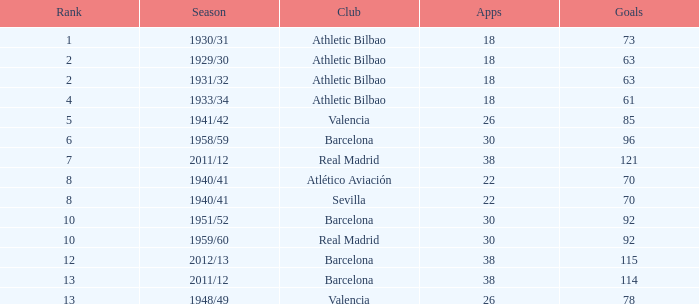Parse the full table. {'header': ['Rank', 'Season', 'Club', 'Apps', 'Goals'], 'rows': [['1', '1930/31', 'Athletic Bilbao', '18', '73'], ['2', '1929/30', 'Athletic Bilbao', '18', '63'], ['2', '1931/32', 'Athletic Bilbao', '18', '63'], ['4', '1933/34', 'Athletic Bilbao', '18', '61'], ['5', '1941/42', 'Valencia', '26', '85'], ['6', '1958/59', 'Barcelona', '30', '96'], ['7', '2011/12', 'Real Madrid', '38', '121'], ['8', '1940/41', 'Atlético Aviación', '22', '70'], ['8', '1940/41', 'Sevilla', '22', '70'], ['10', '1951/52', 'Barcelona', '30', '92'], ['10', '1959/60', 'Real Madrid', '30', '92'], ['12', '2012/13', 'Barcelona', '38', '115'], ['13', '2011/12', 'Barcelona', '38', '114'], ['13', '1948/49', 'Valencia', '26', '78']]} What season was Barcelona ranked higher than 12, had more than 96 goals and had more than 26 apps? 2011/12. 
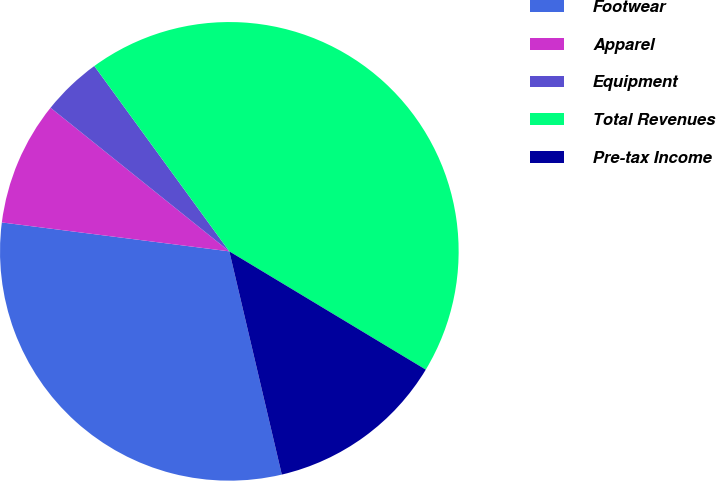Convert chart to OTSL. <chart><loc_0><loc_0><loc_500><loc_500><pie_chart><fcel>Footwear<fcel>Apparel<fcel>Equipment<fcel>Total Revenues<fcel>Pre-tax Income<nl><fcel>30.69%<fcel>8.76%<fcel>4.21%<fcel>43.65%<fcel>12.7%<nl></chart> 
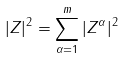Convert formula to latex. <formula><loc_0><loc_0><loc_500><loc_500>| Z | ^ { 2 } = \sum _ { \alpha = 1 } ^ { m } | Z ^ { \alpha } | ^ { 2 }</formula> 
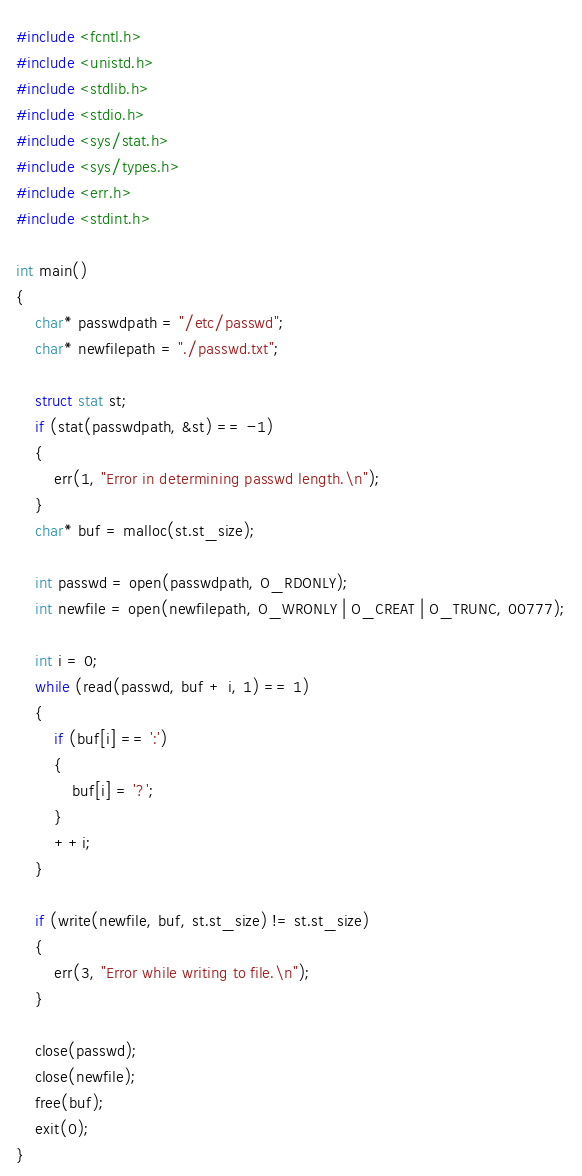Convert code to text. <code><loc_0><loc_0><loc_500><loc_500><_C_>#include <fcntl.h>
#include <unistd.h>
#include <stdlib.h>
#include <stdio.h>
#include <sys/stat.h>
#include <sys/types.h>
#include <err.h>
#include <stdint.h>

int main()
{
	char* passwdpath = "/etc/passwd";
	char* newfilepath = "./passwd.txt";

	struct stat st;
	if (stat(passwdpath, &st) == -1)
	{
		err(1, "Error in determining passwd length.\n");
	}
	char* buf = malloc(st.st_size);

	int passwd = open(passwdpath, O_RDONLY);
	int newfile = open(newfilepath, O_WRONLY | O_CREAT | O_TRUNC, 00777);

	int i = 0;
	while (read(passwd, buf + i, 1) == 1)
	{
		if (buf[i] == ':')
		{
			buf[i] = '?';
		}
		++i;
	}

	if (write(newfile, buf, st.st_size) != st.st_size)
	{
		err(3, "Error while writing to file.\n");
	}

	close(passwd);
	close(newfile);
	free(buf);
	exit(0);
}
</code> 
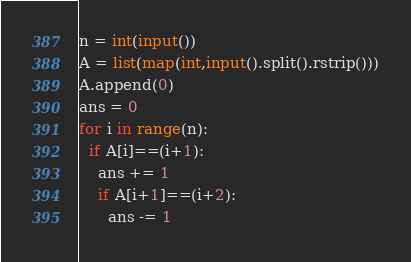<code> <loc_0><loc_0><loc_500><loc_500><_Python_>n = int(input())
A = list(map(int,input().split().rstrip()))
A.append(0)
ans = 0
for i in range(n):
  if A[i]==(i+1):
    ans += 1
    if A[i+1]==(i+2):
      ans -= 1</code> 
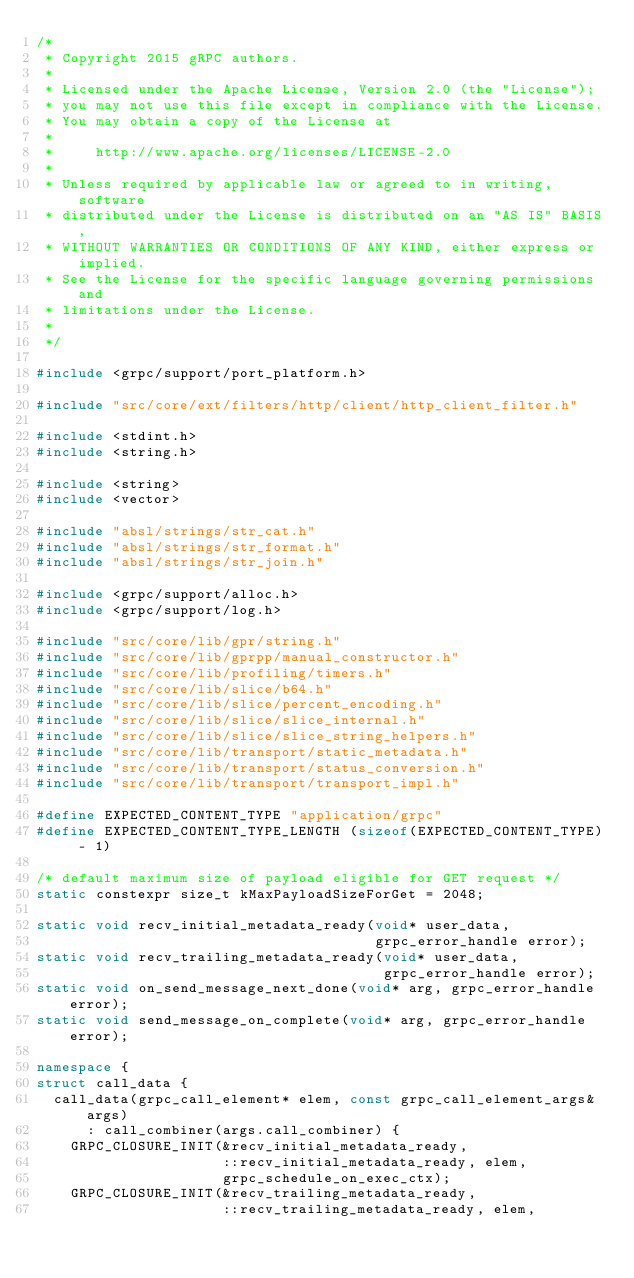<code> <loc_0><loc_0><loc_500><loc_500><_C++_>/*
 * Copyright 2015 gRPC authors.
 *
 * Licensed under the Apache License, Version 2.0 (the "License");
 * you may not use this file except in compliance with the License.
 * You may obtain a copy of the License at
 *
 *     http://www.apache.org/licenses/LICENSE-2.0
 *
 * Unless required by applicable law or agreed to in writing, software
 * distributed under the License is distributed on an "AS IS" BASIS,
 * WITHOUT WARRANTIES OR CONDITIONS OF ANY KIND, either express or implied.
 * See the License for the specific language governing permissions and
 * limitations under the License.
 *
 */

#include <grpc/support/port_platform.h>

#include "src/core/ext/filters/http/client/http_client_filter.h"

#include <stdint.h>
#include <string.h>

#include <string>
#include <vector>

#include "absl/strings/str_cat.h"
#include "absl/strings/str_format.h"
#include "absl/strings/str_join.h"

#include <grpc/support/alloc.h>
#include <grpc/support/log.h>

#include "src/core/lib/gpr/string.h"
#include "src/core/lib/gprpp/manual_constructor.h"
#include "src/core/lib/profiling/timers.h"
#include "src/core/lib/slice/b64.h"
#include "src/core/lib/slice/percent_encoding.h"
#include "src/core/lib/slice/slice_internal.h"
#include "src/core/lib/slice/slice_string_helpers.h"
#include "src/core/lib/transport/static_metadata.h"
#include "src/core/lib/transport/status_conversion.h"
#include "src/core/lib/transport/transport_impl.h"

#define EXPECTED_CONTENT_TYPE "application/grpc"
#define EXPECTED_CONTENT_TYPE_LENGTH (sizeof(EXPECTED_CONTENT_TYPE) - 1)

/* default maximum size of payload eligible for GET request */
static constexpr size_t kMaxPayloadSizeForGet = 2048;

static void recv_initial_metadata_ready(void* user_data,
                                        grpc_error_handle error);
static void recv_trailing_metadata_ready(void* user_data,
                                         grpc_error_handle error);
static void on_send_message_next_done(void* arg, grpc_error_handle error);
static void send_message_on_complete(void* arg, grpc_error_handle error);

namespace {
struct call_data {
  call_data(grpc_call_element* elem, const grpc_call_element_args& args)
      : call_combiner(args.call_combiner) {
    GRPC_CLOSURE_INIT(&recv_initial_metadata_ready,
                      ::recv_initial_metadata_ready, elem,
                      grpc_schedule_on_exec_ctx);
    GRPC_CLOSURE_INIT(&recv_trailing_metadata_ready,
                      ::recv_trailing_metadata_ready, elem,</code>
──────────────────────────────
# [Goal of the exercise]
Counting every line that holds the string "passwdpath", give the total for the data above and nothing else.

# [Answer section]
3